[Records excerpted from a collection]

Start of Block

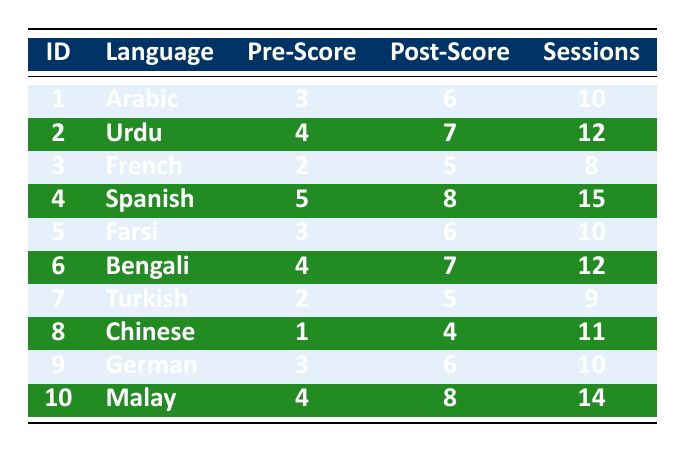What is the Pre-Training Fluency Score for the participant who learned Chinese? The table indicates that the Pre-Training Fluency Score for the participant learning Chinese (Participant_ID 8) is 1.
Answer: 1 Which language had the highest Post-Training Fluency Score? In the table, Spanish has the highest Post-Training Fluency Score of 8, as observed in Participant_ID 4's row.
Answer: Spanish How many training sessions did the participant with the lowest Pre-Training Fluency Score complete? The participant with the lowest Pre-Training Fluency Score is the one who learned Chinese, completing 11 training sessions according to their row in the table.
Answer: 11 What is the difference between the highest and lowest Post-Training Fluency Scores? The highest Post-Training Fluency Score is 8 (Spanish) and the lowest is 4 (Chinese). The difference is 8 - 4 = 4.
Answer: 4 How many participants increased their fluency score by 3 points or more? Participants with score increases of 3 or more include Arabic (3 to 6), Urdu (4 to 7), Spanish (5 to 8), and Malay (4 to 8), totaling 4 participants.
Answer: 4 What was the average Pre-Training Fluency Score across all participants? The total of all Pre-Training Fluency Scores is 3 + 4 + 2 + 5 + 3 + 4 + 2 + 1 + 3 + 4 = 31. There are 10 participants, so the average is 31/10 = 3.1.
Answer: 3.1 Is it true that all participants completed more than 8 training sessions? By examining the table, participants who learned French and Turkish completed 8 and 9 sessions, respectively, which means not all participants completed more than 8 sessions.
Answer: No Which language improvement (Post-Training Score minus Pre-Training Score) was the greatest? The improvements are calculated as follows: Arabic (3), Urdu (3), Spanish (3), Farsi (3), Bengali (3), Turkish (3), Chinese (3), German (3), Malay (4). The highest improvement is 4 (Malay).
Answer: Malay What is the average number of training sessions completed by all participants? The sum of the training sessions is 10 + 12 + 8 + 15 + 10 + 12 + 9 + 11 + 10 + 14 = 121. Dividing by 10 participants yields an average of 121/10 = 12.1.
Answer: 12.1 What percentage of participants had a Post-Training Fluency Score of 7 or higher? The participants with scores of 7 or higher are Urdu, Spanish, Bengali, and Malay, totaling 4 out of 10 participants, giving a percentage of (4/10)*100 = 40%.
Answer: 40% 
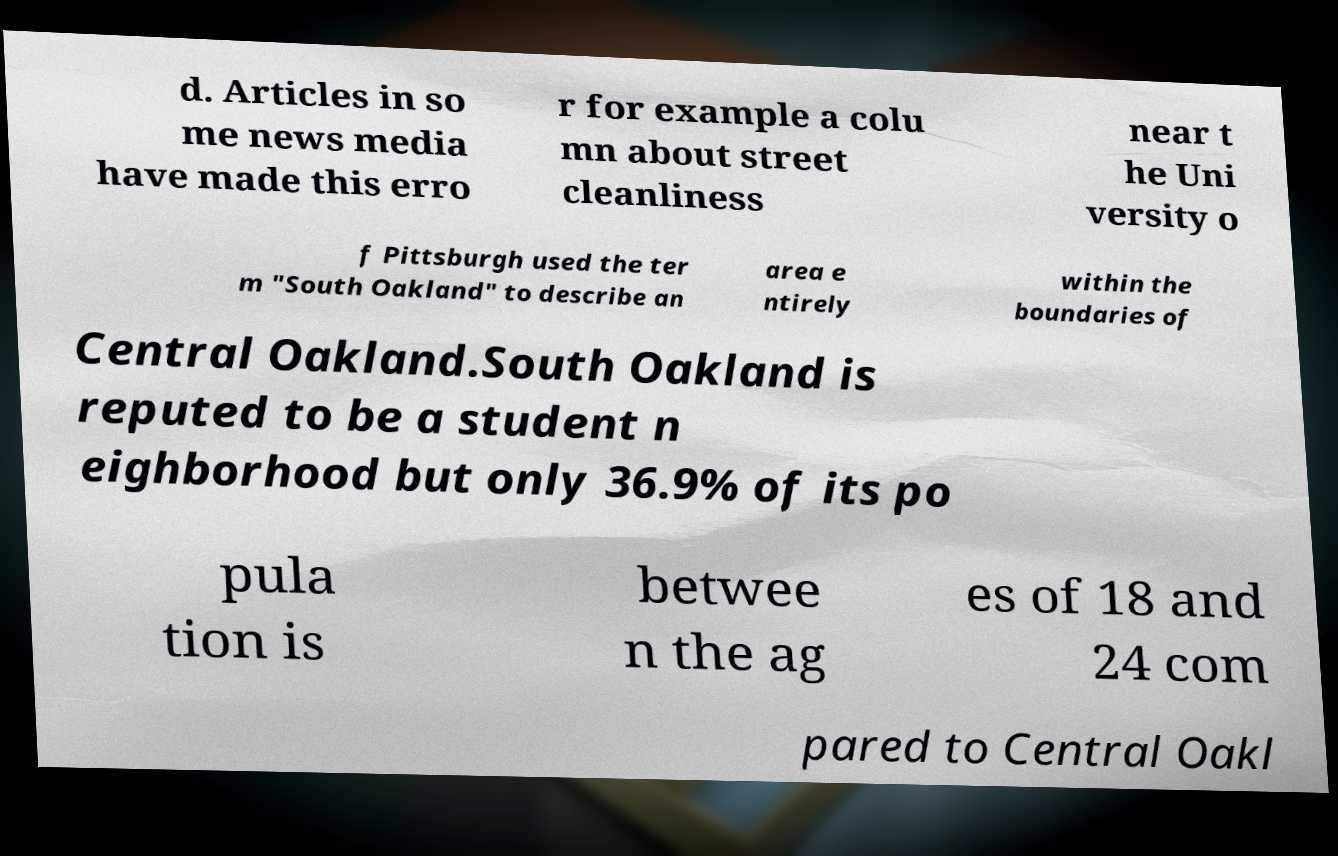What messages or text are displayed in this image? I need them in a readable, typed format. d. Articles in so me news media have made this erro r for example a colu mn about street cleanliness near t he Uni versity o f Pittsburgh used the ter m "South Oakland" to describe an area e ntirely within the boundaries of Central Oakland.South Oakland is reputed to be a student n eighborhood but only 36.9% of its po pula tion is betwee n the ag es of 18 and 24 com pared to Central Oakl

End of Block

### YOUR ASSIGNMENT
The line containing "Answer: 1 Which" marks where the copy ends; print every line before it from the start of the records, and that line too, but no pictures.

### RESPONSE BELOW
What is the Pre-Training Fluency Score for the participant who learned Chinese? The table indicates that the Pre-Training Fluency Score for the participant learning Chinese (Participant_ID 8) is 1.
Answer: 1 Which language had the highest Post-Training Fluency Score? In the table, Spanish has the highest Post-Training Fluency Score of 8, as observed in Participant_ID 4's row.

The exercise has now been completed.